The slide that was displayed during her presentation deviated slightly from her words but nevertheless, it revealed a set of notions that were neatly packed in bullet points. The first bullet explained that ‘[w]hat makes one tick, is now obvious’ since the Moodmetric offers ‘a unique possibility to monitor and understand emotions’. The company had noticed that there was no ‘wearable device to measure emotional level with live data’ and ‘very few biosensors designed for sporadic or one-off use’. For these reasons, the Moodmetric was created and it is said to provide users with a ‘possibility to see [an] instant reading of their mind’, be it during short periods of time or a more long-term ‘emotion follow up’. The ring is supposed to continuously record different phases of everyday life and provide feedback to users on how to ‘track, plan, share and train to help improve [their] emotional intelligence.’ The device is said to have three ways of being used: users can log their emotional past, track their emotional levels and learn to calm their mind. In the accompanying app, users will find a real-time reading of their stress levels that are visualised through what they call the ‘Moodmetric index’ that is a score ranging from 0 to 100 that is supposed to indicate the current stress or calmness level.65 Using the measurements from the Moodmetric, it is argued that users can develop an understanding of themselves, ‘whether it be the clear links between physical and mental health, improving your interactions with others or more personal focus on mindfulness and wellbeing, Moodmetric helps you understand and balance the precious resource of your emotional energy’.
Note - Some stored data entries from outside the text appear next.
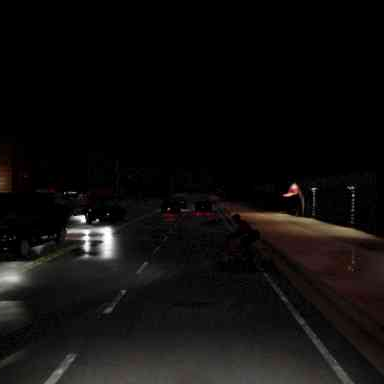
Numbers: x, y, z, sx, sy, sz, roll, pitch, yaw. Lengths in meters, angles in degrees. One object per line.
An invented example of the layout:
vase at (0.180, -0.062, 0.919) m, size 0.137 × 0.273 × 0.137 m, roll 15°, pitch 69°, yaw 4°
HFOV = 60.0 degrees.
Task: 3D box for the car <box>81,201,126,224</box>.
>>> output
car at (-6.326, 1.596, 24.692) m, size 1.895 × 1.301 × 4.718 m, roll 0°, pitch 0°, yaw 2°

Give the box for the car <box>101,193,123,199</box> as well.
car at (-22.000, 1.134, 92.689) m, size 4.605 × 1.855 × 1.932 m, roll 0°, pitch 0°, yaw 2°

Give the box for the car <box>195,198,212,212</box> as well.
car at (1.307, 1.484, 38.357) m, size 2.128 × 1.511 × 4.902 m, roll 0°, pitch 0°, yaw 2°

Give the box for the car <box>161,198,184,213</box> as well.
car at (-2.282, 1.496, 36.694) m, size 1.837 × 1.490 × 4.892 m, roll 0°, pitch 0°, yaw 2°

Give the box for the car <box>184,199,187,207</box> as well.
car at (-1.872, 1.538, 49.603) m, size 2.033 × 1.411 × 5.357 m, roll 0°, pitch 0°, yaw 2°

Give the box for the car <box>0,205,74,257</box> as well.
car at (-6.715, 1.475, 13.237) m, size 1.882 × 1.535 × 5.008 m, roll 0°, pitch 0°, yaw 2°

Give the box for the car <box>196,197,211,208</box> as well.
car at (1.652, 1.538, 48.795) m, size 2.033 × 1.411 × 5.357 m, roll 0°, pitch 0°, yaw 1°

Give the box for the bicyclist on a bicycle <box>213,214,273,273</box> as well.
bicyclist on a bicycle at (1.390, 1.430, 9.150) m, size 1.656 × 1.620 × 0.582 m, roll -1°, pitch 0°, yaw 2°

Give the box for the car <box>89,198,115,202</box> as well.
car at (-9.510, 1.557, 33.286) m, size 1.994 × 1.385 × 4.181 m, roll 0°, pitch 0°, yaw 3°

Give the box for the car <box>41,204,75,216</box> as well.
car at (-9.893, 1.543, 22.985) m, size 2.033 × 1.411 × 5.357 m, roll 0°, pitch 0°, yaw 2°
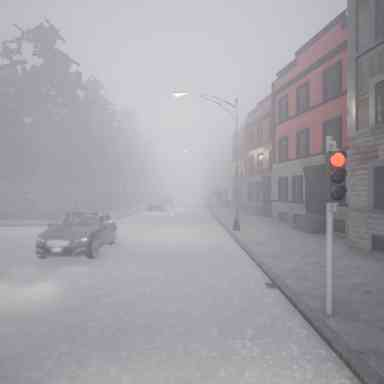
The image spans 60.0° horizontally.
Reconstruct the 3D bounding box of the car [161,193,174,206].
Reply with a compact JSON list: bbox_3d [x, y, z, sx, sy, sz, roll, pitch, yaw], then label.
[{"bbox_3d":[-4.117,1.218,54.817,2.150,2.045,5.566,0,1,0],"label":"car"}]

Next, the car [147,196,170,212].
[{"bbox_3d":[-4.121,1.547,39.391,2.033,1.411,5.357,0,0,0],"label":"car"}]

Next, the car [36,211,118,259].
[{"bbox_3d":[-4.106,1.491,12.572,2.128,1.511,4.902,0,0,0],"label":"car"}]

The Moodmetric is presented as an instrument that can help users understand themselves in times and situations that are busy to such a degree that they cannot trust their own experiences. As have been pointed out in the above, the device is assumed to ‘take care’ of users, and to help them understand themselves in their ‘busy’ lives. The data feed from the device is presented as a direct reading of the users’ minds and is considered to be both accurate and reassuring in times where external factors tend to disturb embodied experiences. Given that the imagery used to frame the device often points at moments and situations where life should be slow and support mindful activities, it is clear that this device is crucially related to time management. There is an assumption in these presentations that life in contemporary society is moving so fast that it is nearly impossible to trust one’s senses and experiences. The body, as it seems, is simply too slow to keep up with an increasingly accelerating society, and needs technological assistance to keep track of how it reacts to its surroundings.
The ŌURA
In a promotional video, the ŌURA ring is described through images and videos showing the daily lives of four people in different situations. From waking up and stretching a seemingly well built back before having glass of orange juice, buttoning a white collared shirt and heading to the metro, or hailing a taxi and then on to work, yoga practice, family life and, what seems to be a spontaneous dance between a heterosexual couple on a waterfront pavement. The ŌURA ring is shown only occasionally in the video and it tends to blend smoothly with the seemingly upper-middle-class lifestyle depicted in the footage. A speaker’s voice accompanies the imagery and explains what ‘the world’s first wellness ring and app’ can do:
The ŌURA ring combines insightful design and ultimate wearing comfort with top-tier science and technology. With ŌURA, you learn how your activity and lifestyle choices affect your sleep and how the quality of the sleep affects your ability to perform during the day. ŌURA is a ring-sized wellness computer that measures your pulse wave form and the exact time between your heart beats. From these, it calculates your heart rate, respiration rate, and other parameters necessary for precise analysis of your body signals. The ŌURA ring detects even the slightest movement and monitors changes in your body temperature. The ring automatically knows when you go to sleep and when you wake up, when you are active, and when you are sitting. The ŌURA app tells you what health benefits you get from specific activities and gives you actionable recommendations on how you can improve your sleep and adjust daily activity towards better balance and performance. You know when to challenge yourself, and when to rest. You can use ŌURA anywhere, anytime. It works without getting in your way. Incredibly easy to use, and comfortable.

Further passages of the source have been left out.